D) Acetaminophen → immediate release morphine.
Answer 27.2.9 The correct answer is "C." A patient who has reached a stable dose of short-acting opiate, such as hydromorphone, should subsequently be switched to a long-acting opioid agent. An immediate release medication should be available for acute "breakthrough" pain. There is no reason to change the acetaminophen. Nortriptyline is sometimes useful as an adjuvant medication and is particularly helpful when treating neuropathic pain.
The hospice nurse calls you. Your patient is at home and has become restless with slow respirations (6/min) along with paroxysmal coughing and gagging with a large amount of secretions.
Question 27.2.10 The following are all appropriate orders for this patient EXCEPT:
A) Obtain subcutaneous access through placement of a subcutaneous button or butterfly needle.
B) Lorazepam 1 to 2 mg PO or SL every hour PRN.
C) Glycopyrrolate 2 mg PO or SL every 4 hours PRN.
D) Midazolam 0.4 to 4 mg SC every hour PRN.

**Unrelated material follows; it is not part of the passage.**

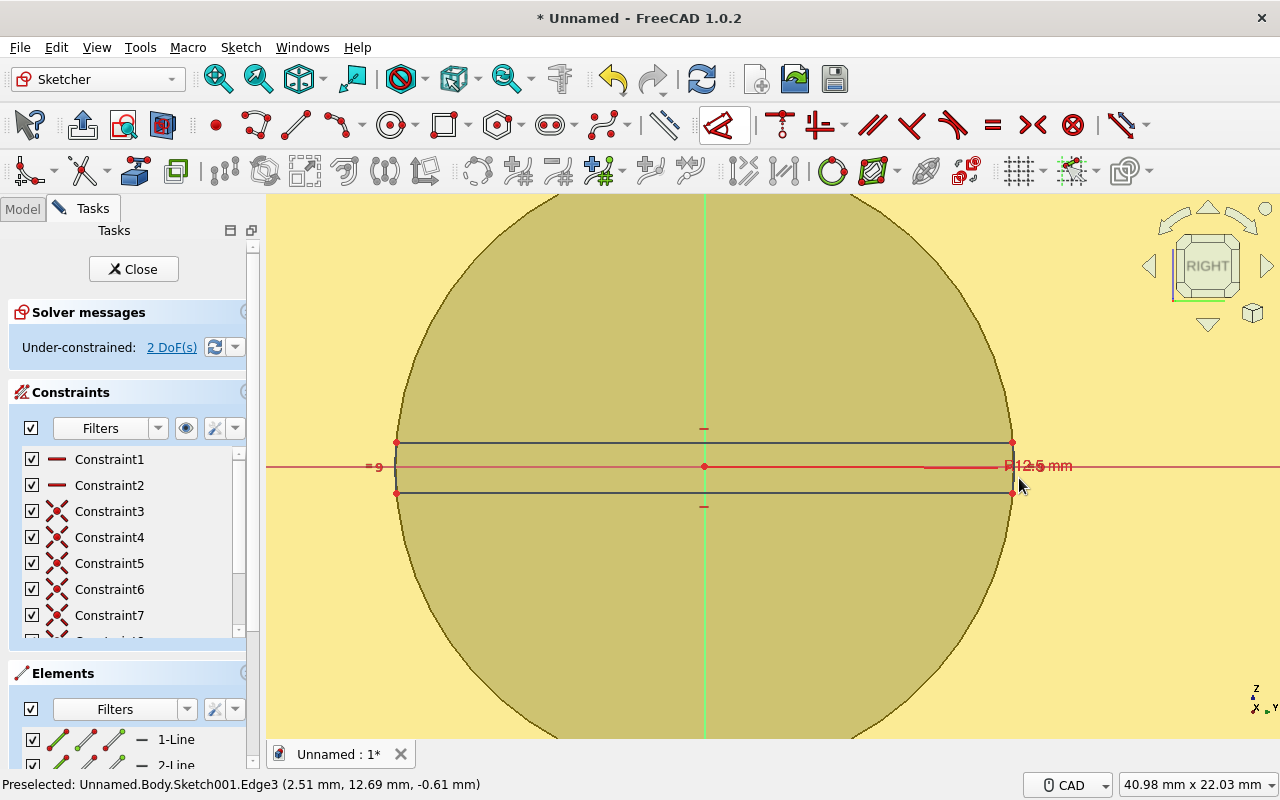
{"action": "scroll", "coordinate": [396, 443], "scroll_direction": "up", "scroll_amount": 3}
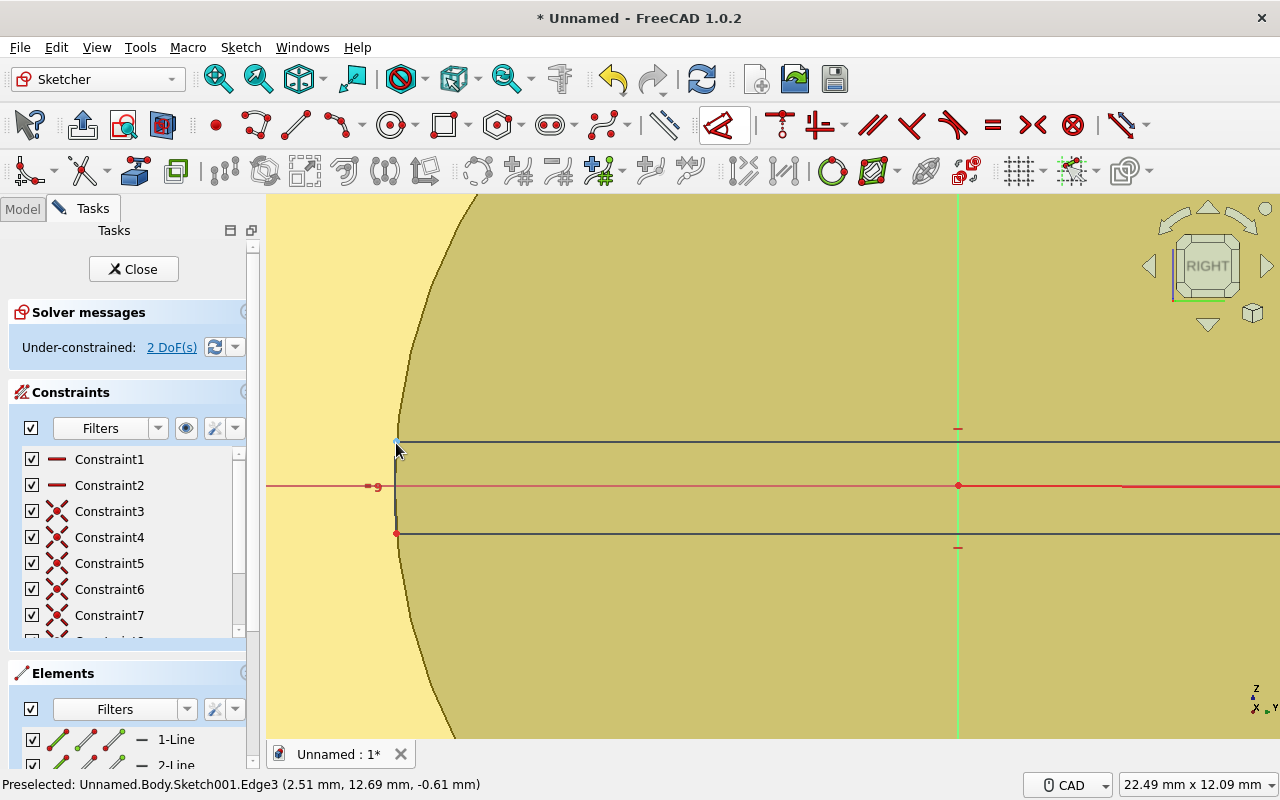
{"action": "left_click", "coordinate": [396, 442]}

E) Naloxone 2 mg SC every 2 hours PRN.
Answer 27.2.10 The correct answer is "E." Naloxone is a potent opioid receptor antagonist. Although the sudden change in the patient's status could be partly due to opiate accumulation, the risks of naloxone antagonism are great and include severe pain, cardiac arrhythmias, and seizures (remember, you don't want that ghost haunting you). Withholding or reducing the next dose of opiates is a safer approach. A subcutaneous infusion pump ("A") may allow effective administration of medications and fluids in patients who cannot tolerate oral administration. The use of hydration at the end of life is controversial. Withholding fluids and nutrition has strong merit, but the evidence is not compelling enough to declare that fluid infusion is futile and possibly harmful in this setting. In addition, dehydration is a common cause of delirium at the end of life, and her confusion may improve with gentle hydration. It is more important to review the patient's goals and only administer fluids if consistent with her goals. Glycopyrrolate ("C") has been shown to decrease oral/pulmonary secretions that lead to the "death rattle" in the final days and hours of life. Such treatment benefits the patient and her grieving family and friends. "B" and "D" may also be useful. Benzodiazepines have the potential to reduce anxiety, agitation, and insomnia; however, any benzodiazepine can worsen confusion and cause delirium. Benzodiazepines with an extended half-life (e.g., diazepam and chlordiazepoxide) should generally be avoided because of the potential for toxic accumulation.
Objectives: Did you learn to…
Define major physiologic pain categories?
Describe the pharmacology of pain control?
Prescribe opiate pain medications and adjuvant therapies for pain?
Identify emotional, social, and spiritual symptoms and recognize how they can affect pain management?